Within the records below, filter for lines carrying the word "roll" and copy them.

━━━

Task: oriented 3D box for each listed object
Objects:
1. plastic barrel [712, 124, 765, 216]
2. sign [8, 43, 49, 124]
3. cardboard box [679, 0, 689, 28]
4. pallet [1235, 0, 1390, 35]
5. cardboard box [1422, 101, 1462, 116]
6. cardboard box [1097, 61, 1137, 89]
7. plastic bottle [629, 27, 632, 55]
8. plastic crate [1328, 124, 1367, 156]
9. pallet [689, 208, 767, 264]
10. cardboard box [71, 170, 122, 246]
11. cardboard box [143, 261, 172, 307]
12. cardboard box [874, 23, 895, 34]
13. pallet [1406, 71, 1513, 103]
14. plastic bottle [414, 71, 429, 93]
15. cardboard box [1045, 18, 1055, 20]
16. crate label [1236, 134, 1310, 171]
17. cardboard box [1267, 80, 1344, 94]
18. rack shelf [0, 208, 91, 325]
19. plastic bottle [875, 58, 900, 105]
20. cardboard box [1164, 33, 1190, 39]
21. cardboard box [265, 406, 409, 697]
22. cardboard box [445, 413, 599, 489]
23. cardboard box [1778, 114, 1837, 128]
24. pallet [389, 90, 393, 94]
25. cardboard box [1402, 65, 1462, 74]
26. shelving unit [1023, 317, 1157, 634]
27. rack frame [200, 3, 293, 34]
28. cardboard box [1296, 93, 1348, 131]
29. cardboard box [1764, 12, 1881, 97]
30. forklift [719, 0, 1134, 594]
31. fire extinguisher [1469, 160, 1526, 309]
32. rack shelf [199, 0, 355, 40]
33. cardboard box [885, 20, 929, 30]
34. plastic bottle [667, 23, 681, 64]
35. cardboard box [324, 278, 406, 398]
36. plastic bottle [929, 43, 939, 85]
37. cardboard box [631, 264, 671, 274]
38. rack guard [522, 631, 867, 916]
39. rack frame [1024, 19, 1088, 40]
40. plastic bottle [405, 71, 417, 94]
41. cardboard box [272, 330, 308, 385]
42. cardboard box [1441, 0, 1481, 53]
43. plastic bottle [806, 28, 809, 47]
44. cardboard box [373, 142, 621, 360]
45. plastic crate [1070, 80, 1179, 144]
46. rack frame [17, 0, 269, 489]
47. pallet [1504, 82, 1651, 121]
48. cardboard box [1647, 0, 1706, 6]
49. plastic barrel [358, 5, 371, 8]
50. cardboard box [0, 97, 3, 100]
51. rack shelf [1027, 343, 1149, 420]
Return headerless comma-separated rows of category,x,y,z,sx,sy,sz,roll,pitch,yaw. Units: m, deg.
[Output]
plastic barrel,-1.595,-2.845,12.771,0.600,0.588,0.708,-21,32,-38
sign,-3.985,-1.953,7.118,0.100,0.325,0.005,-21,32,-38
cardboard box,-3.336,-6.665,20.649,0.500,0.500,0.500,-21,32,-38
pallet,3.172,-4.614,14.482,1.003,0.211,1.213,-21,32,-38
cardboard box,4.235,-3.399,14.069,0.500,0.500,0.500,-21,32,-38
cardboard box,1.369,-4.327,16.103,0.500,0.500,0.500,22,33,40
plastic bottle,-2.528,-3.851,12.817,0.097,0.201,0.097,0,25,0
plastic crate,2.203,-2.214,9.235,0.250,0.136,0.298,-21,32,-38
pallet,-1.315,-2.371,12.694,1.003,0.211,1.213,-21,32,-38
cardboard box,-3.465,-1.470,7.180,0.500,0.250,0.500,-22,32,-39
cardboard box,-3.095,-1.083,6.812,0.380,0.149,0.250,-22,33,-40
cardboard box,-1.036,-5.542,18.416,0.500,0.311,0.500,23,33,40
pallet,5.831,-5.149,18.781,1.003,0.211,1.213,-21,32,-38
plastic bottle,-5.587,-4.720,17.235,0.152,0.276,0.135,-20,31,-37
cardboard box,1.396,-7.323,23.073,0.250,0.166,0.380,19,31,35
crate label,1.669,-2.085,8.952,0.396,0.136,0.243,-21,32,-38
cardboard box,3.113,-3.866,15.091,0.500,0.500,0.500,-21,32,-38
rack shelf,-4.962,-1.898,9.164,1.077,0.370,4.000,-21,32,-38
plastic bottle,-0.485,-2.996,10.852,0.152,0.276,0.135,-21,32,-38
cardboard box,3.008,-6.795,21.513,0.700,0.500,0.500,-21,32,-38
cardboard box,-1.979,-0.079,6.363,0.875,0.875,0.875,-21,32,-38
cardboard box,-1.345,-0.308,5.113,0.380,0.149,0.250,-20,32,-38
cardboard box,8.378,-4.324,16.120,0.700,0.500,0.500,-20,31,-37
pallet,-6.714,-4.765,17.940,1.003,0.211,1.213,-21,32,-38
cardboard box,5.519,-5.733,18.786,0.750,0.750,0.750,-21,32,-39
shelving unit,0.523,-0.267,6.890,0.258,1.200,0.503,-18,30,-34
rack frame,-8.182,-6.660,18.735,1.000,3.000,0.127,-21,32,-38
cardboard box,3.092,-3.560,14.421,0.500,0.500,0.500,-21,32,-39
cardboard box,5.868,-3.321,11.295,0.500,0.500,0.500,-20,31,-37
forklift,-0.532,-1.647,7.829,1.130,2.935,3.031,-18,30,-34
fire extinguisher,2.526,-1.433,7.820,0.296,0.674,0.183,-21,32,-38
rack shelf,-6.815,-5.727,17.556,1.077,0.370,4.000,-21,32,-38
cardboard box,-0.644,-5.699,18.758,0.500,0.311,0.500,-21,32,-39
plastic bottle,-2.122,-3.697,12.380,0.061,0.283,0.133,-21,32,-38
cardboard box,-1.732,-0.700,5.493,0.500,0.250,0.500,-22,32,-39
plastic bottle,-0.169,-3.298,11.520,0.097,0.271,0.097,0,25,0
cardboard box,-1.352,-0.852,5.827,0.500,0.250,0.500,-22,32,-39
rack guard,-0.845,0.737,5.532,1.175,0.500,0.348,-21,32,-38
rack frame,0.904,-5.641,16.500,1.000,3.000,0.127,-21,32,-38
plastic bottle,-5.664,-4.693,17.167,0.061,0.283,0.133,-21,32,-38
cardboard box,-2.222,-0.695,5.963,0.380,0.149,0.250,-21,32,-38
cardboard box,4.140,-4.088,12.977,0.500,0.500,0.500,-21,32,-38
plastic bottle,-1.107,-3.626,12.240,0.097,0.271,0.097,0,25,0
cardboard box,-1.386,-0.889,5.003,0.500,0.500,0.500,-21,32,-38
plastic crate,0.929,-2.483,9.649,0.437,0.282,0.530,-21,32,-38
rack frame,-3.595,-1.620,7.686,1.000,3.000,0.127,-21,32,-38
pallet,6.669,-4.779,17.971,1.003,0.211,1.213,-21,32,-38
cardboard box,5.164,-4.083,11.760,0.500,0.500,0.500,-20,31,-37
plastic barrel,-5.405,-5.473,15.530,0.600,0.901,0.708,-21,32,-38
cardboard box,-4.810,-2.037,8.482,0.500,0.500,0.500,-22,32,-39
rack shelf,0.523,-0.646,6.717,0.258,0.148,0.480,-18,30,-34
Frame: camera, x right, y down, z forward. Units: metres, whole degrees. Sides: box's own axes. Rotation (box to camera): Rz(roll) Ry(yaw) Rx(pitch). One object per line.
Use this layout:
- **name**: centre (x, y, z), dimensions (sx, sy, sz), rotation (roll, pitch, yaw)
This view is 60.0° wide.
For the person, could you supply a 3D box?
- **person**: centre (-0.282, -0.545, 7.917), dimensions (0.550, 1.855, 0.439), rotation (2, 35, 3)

━━━

▶ **Solution to this exercise**:
Return headerless comma-separated rows of category,x,y,z,sx,sy,sz,roll,pitch,yaw. Units: m, deg.
Frame: camera, x right, y down, z forward. Units: metres, whole degrees. Sides: box's own axes. Rotation (box to camera): Rz(roll) Ry(yaw) Rx(pitch). One object per line.
- **name**: centre (x, y, z), dimensions (sx, sy, sz), rotation (roll, pitch, yaw)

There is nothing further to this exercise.